RECORDS:
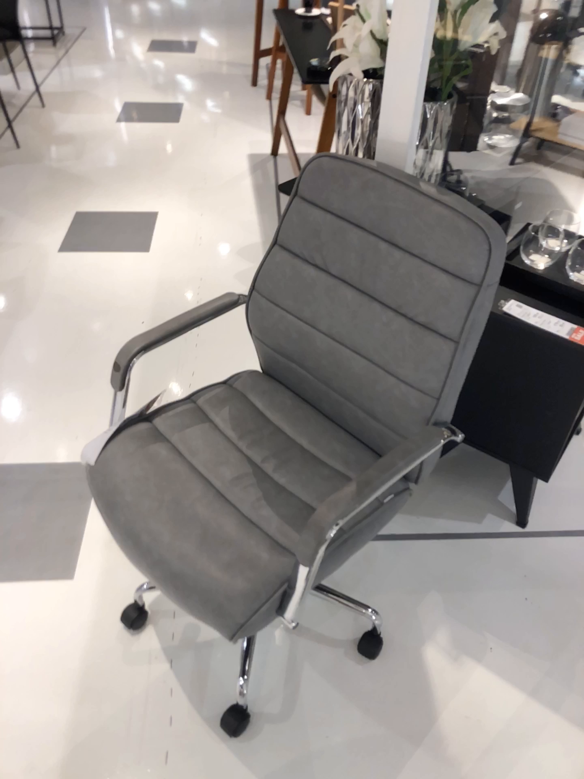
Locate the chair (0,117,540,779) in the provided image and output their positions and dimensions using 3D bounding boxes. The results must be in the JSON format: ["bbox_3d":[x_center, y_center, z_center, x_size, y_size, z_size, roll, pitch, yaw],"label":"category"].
[{"bbox_3d":[-0.088,0.137,1.199,0.552,0.993,0.602,-29,50,-31],"label":"chair"}]
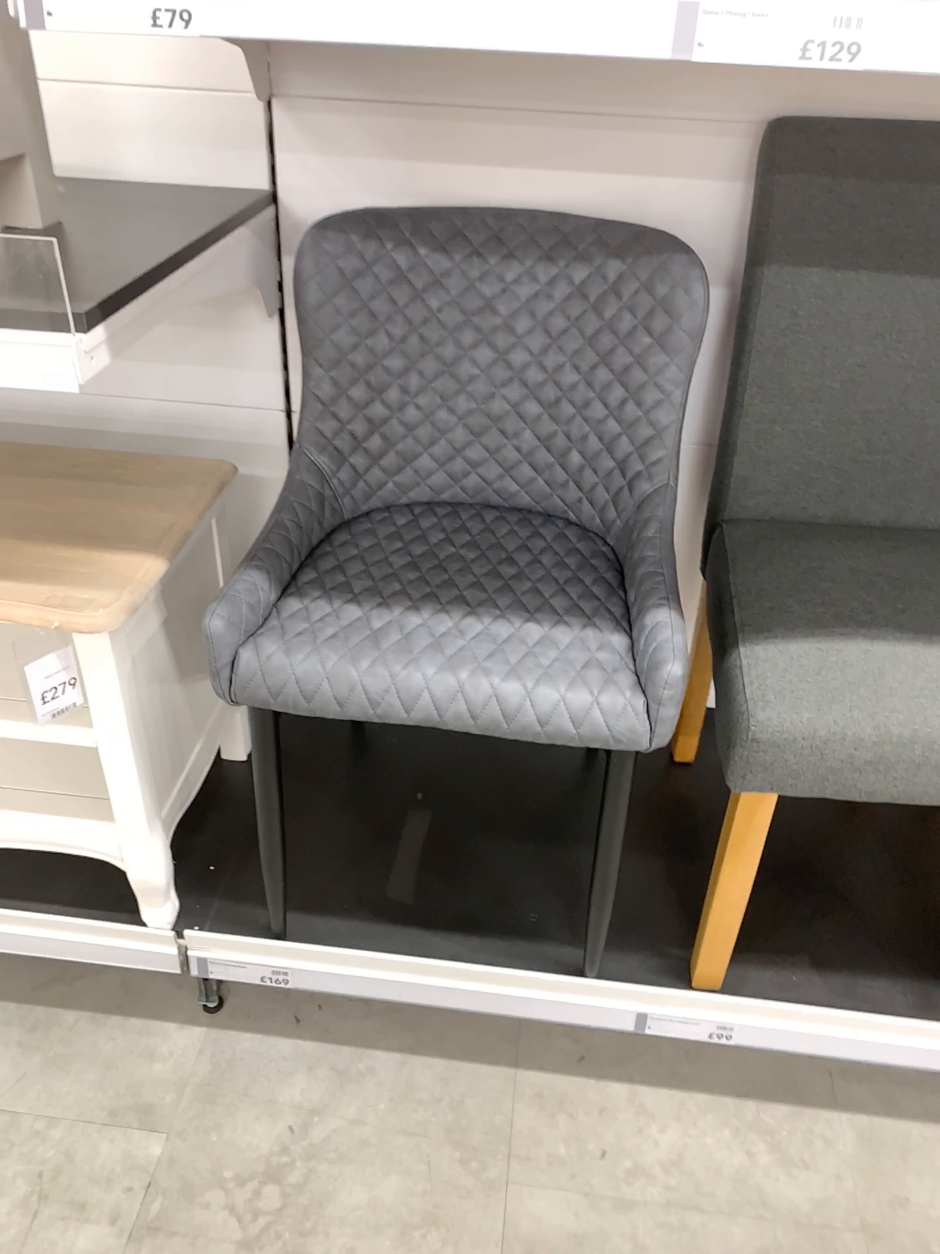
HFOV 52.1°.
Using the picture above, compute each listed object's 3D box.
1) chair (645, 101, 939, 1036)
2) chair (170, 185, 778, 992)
[{"bbox_3d":[0.502,-0.068,1.142,0.430,0.911,0.565,5,34,4],"label":"chair"},{"bbox_3d":[0.012,-0.059,1.197,0.480,0.792,0.545,5,34,4],"label":"chair"}]
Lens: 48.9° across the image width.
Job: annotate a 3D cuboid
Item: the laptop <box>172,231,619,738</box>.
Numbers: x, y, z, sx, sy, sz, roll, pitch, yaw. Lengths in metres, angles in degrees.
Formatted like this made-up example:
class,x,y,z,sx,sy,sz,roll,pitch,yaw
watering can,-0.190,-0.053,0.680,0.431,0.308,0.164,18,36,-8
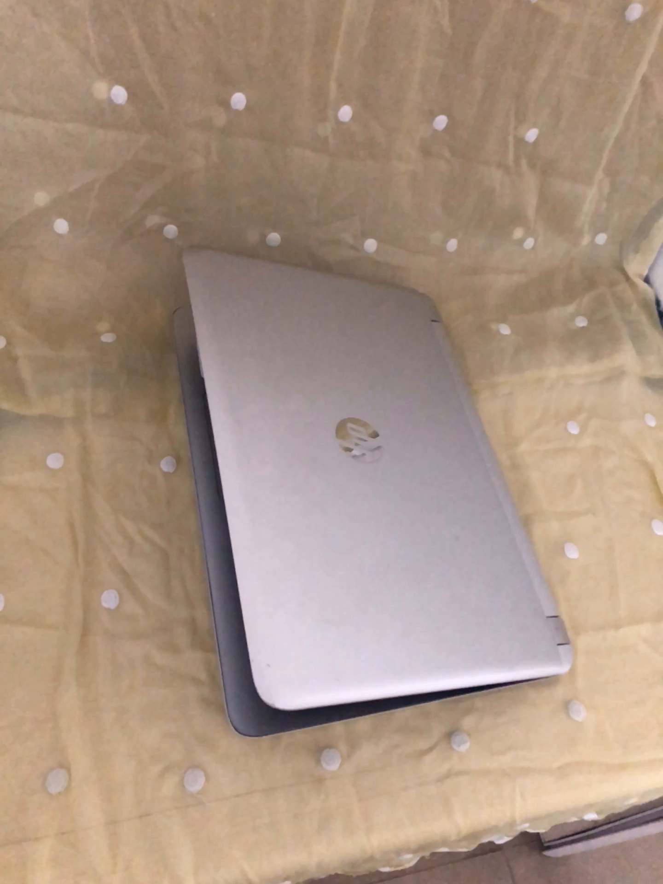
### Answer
class,x,y,z,sx,sy,sz,roll,pitch,yaw
laptop,0.022,-0.001,0.558,0.243,0.077,0.367,-6,59,-16
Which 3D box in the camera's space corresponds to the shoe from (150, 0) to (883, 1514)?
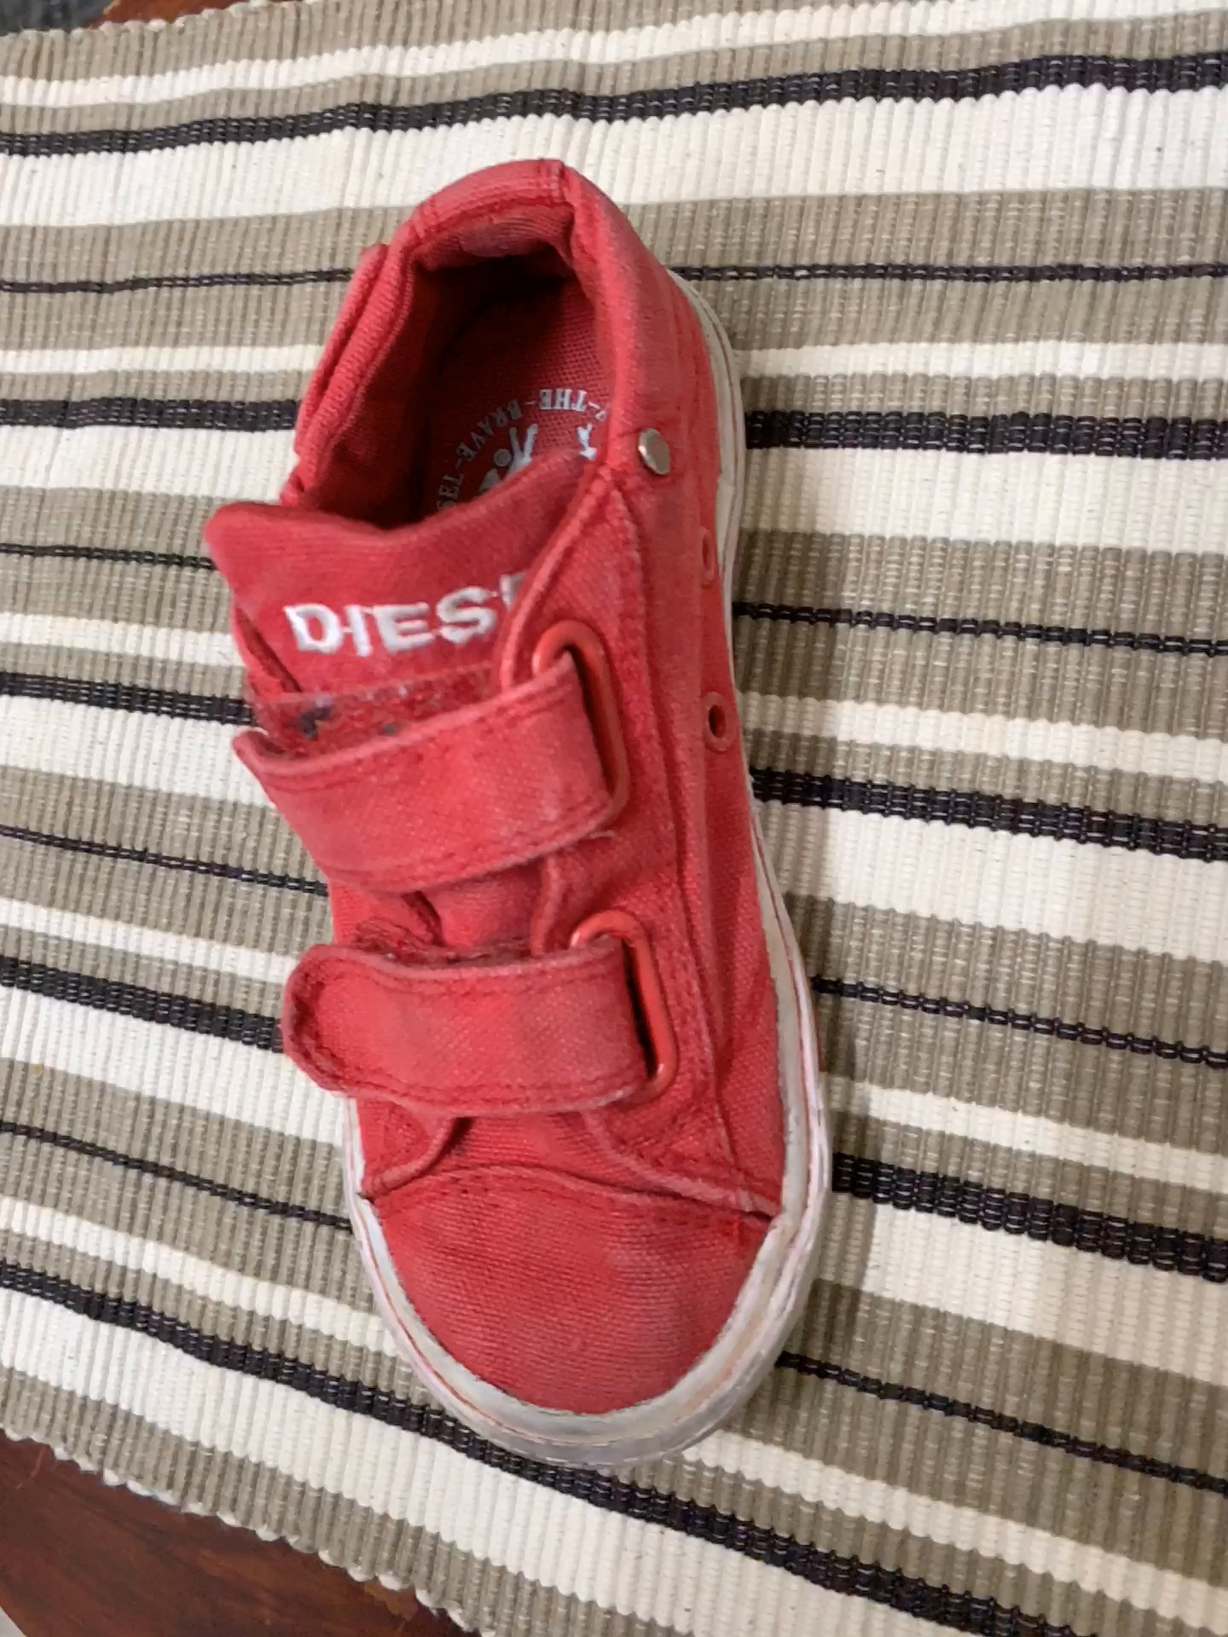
[{"bbox_3d":[-0.010,-0.008,0.187,0.080,0.070,0.170,-3,84,21],"label":"shoe"}]
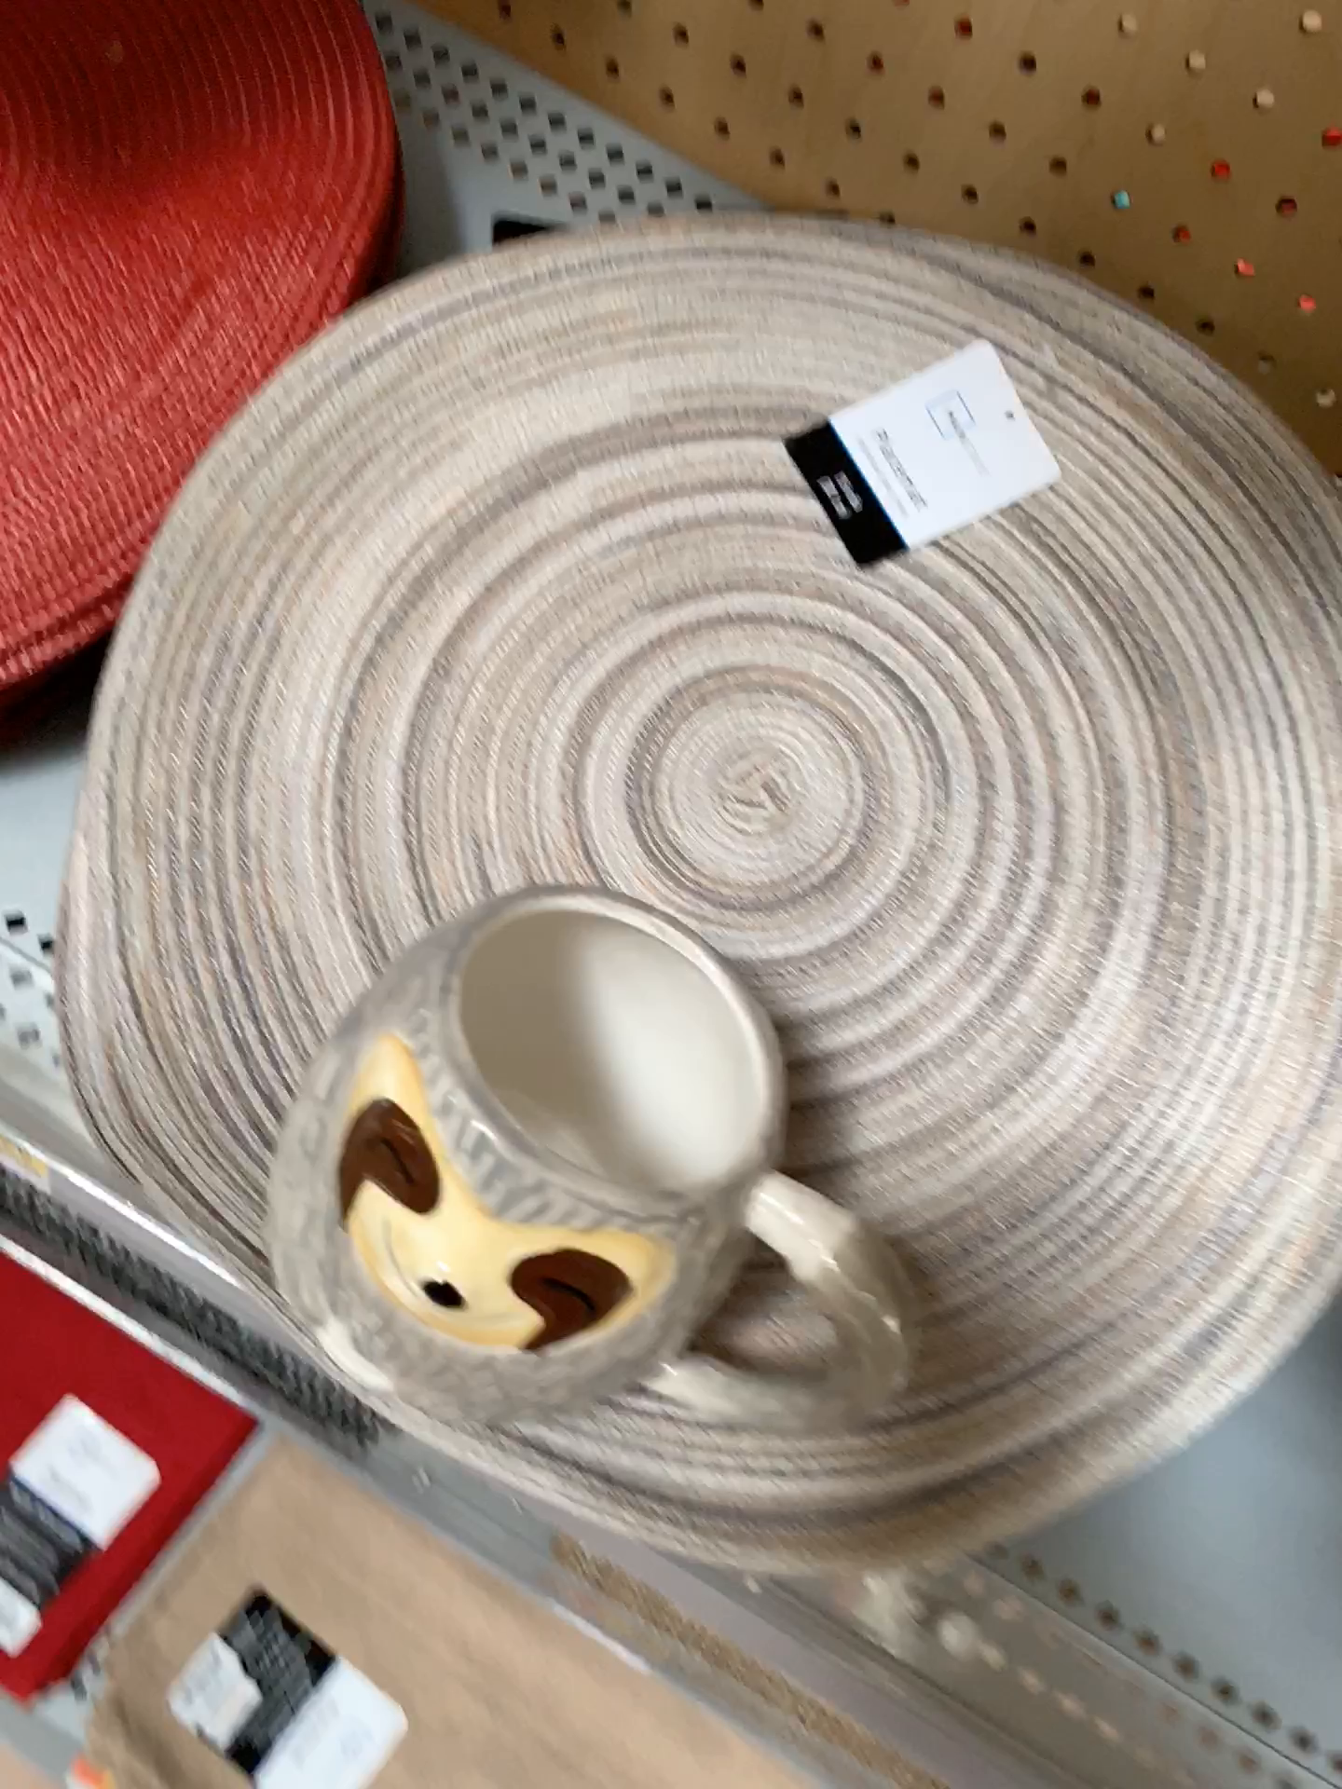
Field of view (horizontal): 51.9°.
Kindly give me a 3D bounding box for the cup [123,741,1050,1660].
[{"bbox_3d":[-0.016,0.064,0.300,0.150,0.089,0.106,32,44,0],"label":"cup"}]
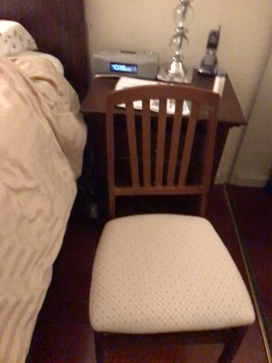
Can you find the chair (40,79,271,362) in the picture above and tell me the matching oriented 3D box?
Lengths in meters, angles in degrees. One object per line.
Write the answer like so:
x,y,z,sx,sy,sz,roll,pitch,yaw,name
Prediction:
0.097,0.271,1.071,0.620,1.032,0.695,-2,40,-7,chair
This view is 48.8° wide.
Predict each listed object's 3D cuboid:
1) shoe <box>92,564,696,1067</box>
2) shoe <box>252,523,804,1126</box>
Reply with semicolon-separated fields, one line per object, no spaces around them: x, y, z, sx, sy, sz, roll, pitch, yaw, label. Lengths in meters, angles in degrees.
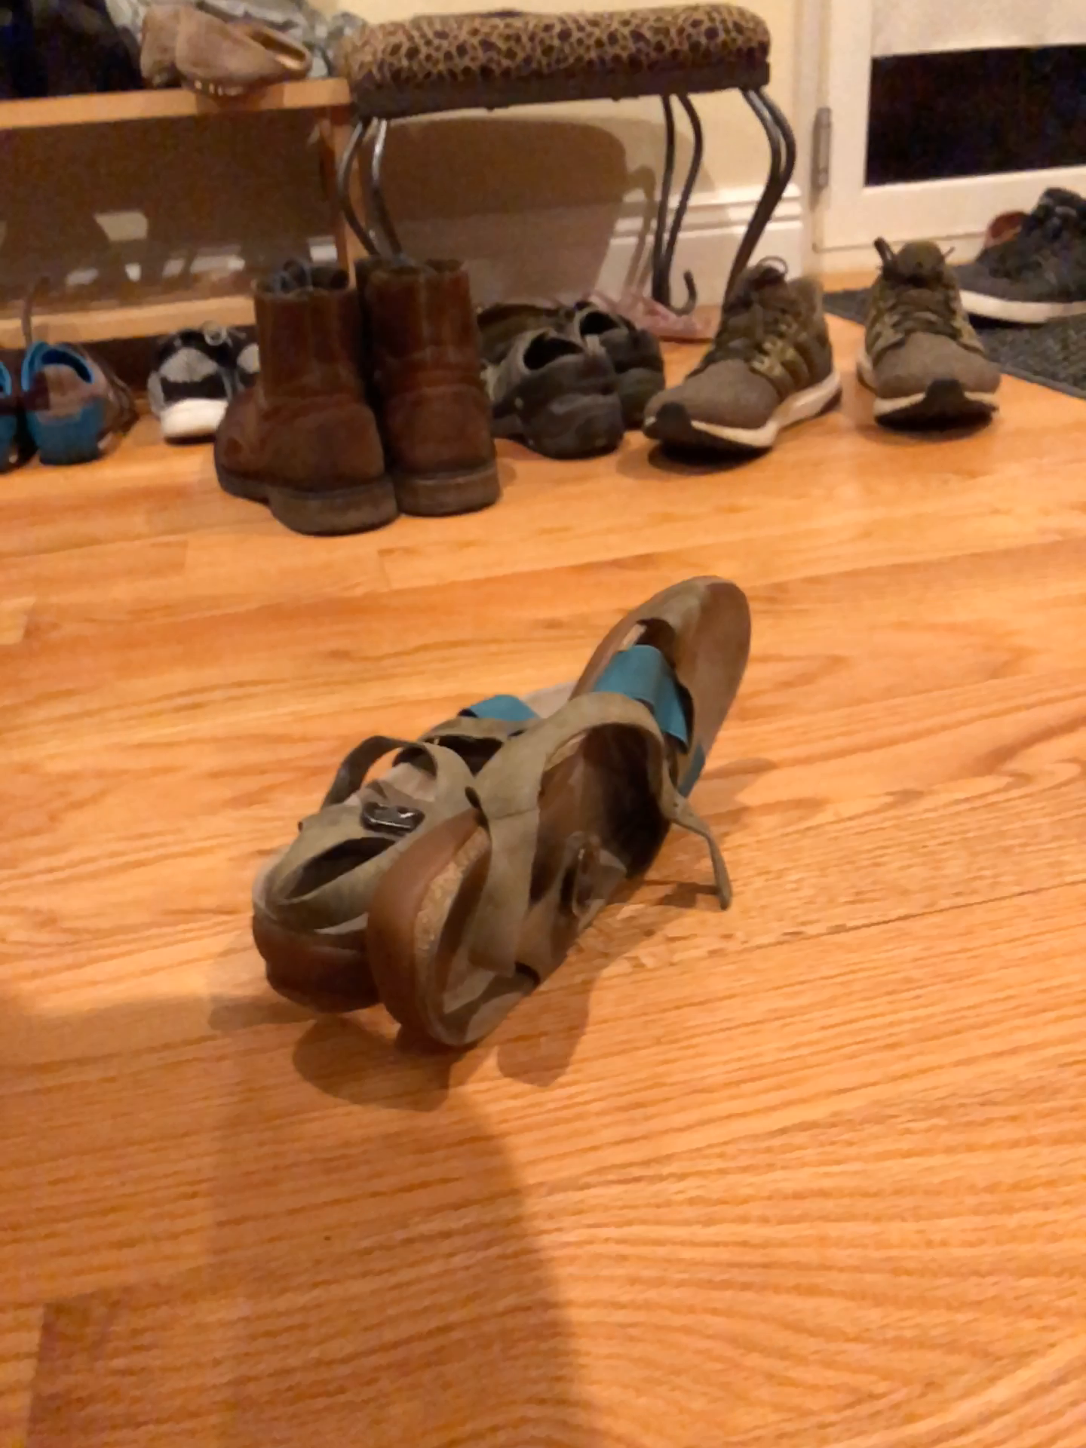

WORK ORDER:
The answer must be an exact copy of the lines from the one containing "x,y,z,sx,sy,sz,roll,pitch,yaw,name" through the last line of the records, and nothing else. Pictures do not belong in it.

OUTPUT OF THE EXERCISE:
x,y,z,sx,sy,sz,roll,pitch,yaw,name
Prediction:
0.097,0.271,1.071,0.620,1.032,0.695,-2,40,-7,chair
This view is 48.8° wide.
Predict each listed object's 3D cuboid:
1) shoe <box>92,564,696,1067</box>
2) shoe <box>252,523,804,1126</box>
Reply with semicolon-separated fields, one line per object, no spaces around them: x, y, z, sx, sy, sz, roll, pitch, yaw, label. Lengths in meters, angles in degrees.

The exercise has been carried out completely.